I try not to smirk at his loaded question. For him, I'd get off anytime. He must catch the amusement I try to hide because he smiles at me and takes a drink. He's smug. It suits him. I'd bet everything I own he has good reason to be.
"About two hours," I tell him. He nods and tells me he will pick me up then.
He walks away from us and me and my new friend Dana stare at his fantastic ass.
"Is he your man?" She asks me.
What do I say? Is he? I guess if he wanted to be, yes. But we've never touched like that, never even spoke of it. I lie. He's mine. She can't have him.
"Yes," I say and take his empty bottle from the bar.
He's back two hours later. He leads me from the building with his hand at the small of my back. I wonder if he even realizes it. I doubt it, just the type of man he is.
We get home and I start dinner; he starts a fire. After we eat, we stand outside briefly and watch the sun set behind the mountains. It's painfully beautiful, like the man beside me.
"I love it here, Sean," I tell him honestly. Again, hoping he'll decide to stay.
"It's beautiful," he mutters in answer.
"I've never seen the snow before, a real snow fall. They're calling for four inches tonight."
"Pretty early in the season still,"
"Yeah, I know." If we get four inches now, what can we expect in December?
"It'll get tough, all alone," he tells me like I don't realize it.
I close my eyes, not wanting to be reminded, "I know," Silence falls as quietly as the snow.
I shiver and go inside. Away from him. I want to cry. It's the first time in a long time I feel the urge to cry. I go to take a bath, soak away the pain and loneliness.
He's shirtless again when I come out. I notice the scar for the first time and reach out to touch it.
It's a bullet wound, there's no disguising that small circular shape. He grabs my hand before I make contact. I look up and meet his eyes. He releases my hand and I remove my shirt, showing him my own scar. It matches his. Same side. Same place.
His eyes are drawn to it, not my breasts. He sucks in a breath and his warm finger reaches out and touches me. I can't feel it, the skin's numb.
"It went through him first. His heart. He shielded me or we would have both died…" I tell him simply. Like it happened to someone else.
He takes my hand and touches it to his scar. "It went through me first as I chased him down. I didn't shield her like I should have…,"
There it was. His guilt. The reason he won't let himself live again. He feels at fault.
"We didn't have a gun." I say and then smile. "He was a kindergarten teacher. They don't have reasons for a gun."

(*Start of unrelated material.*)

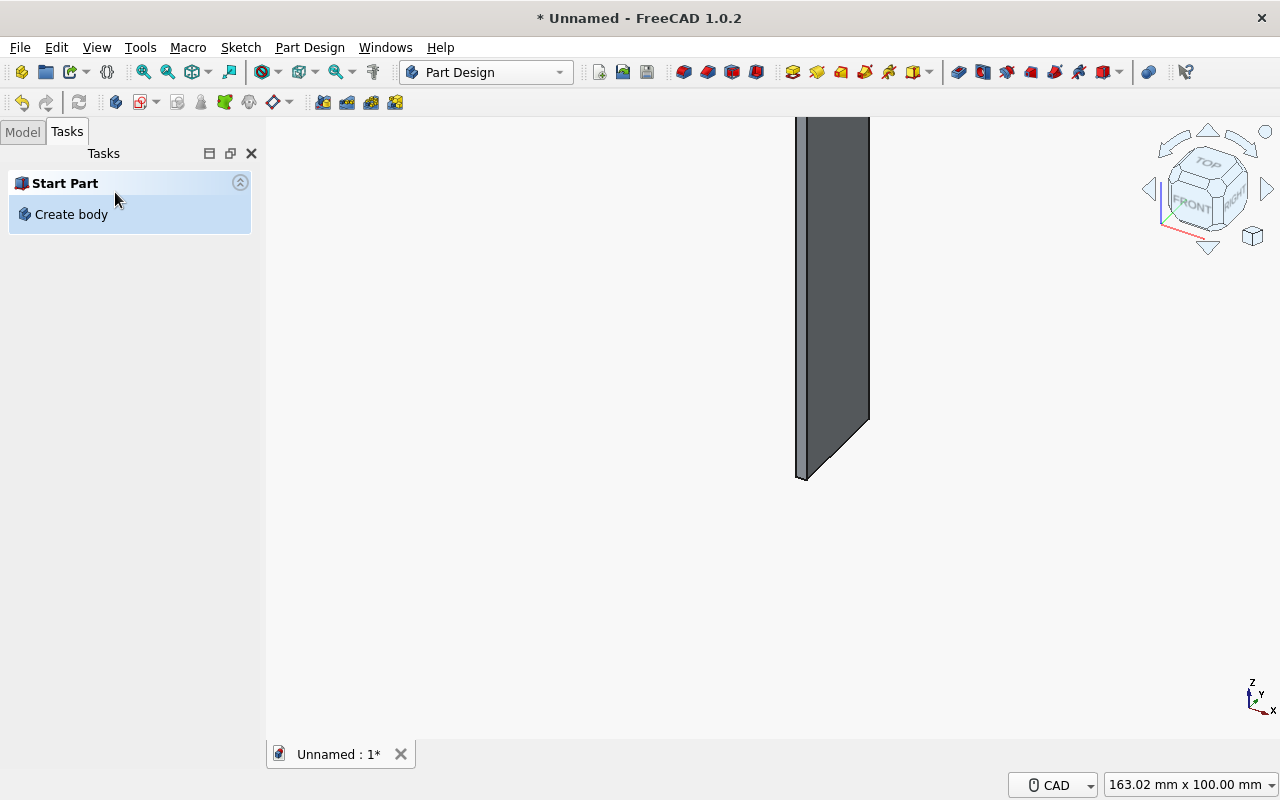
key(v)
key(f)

"I'm DEA. I have too many reasons for a gun."
His hand slides up my rib cage, just under my breast. His thumb rests in the crease, teasing me. Waiting.
"Sean, they're gone now. We have to learn to move on." I whisper.

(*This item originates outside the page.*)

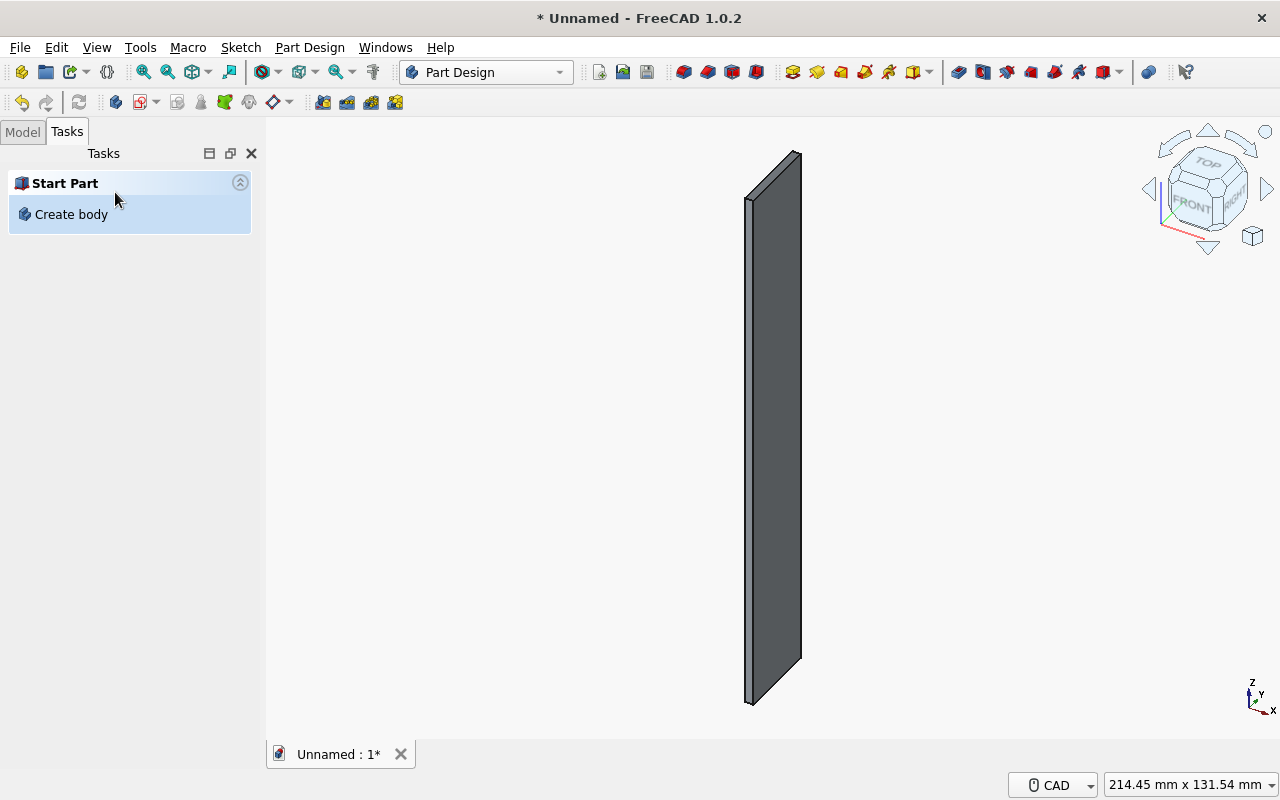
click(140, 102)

"I know," he whispers back to me.
His thumb moves higher, less then an inch but it is now on the swell of my breast. "It'll be the first time for me too," I assure him. He isn't alone in the fear and pain department. The guilt that hides there when you think about the next step, even if it's just wanting to think about the next step.
"We can wait till you're ready," I suggest
"I think I'm ready…"
I nod but have to ask him one more thing before he touches me, "Just make sure it's me you're touching,"
His eyes meet mine. So serious. "I know it's you, Jenny."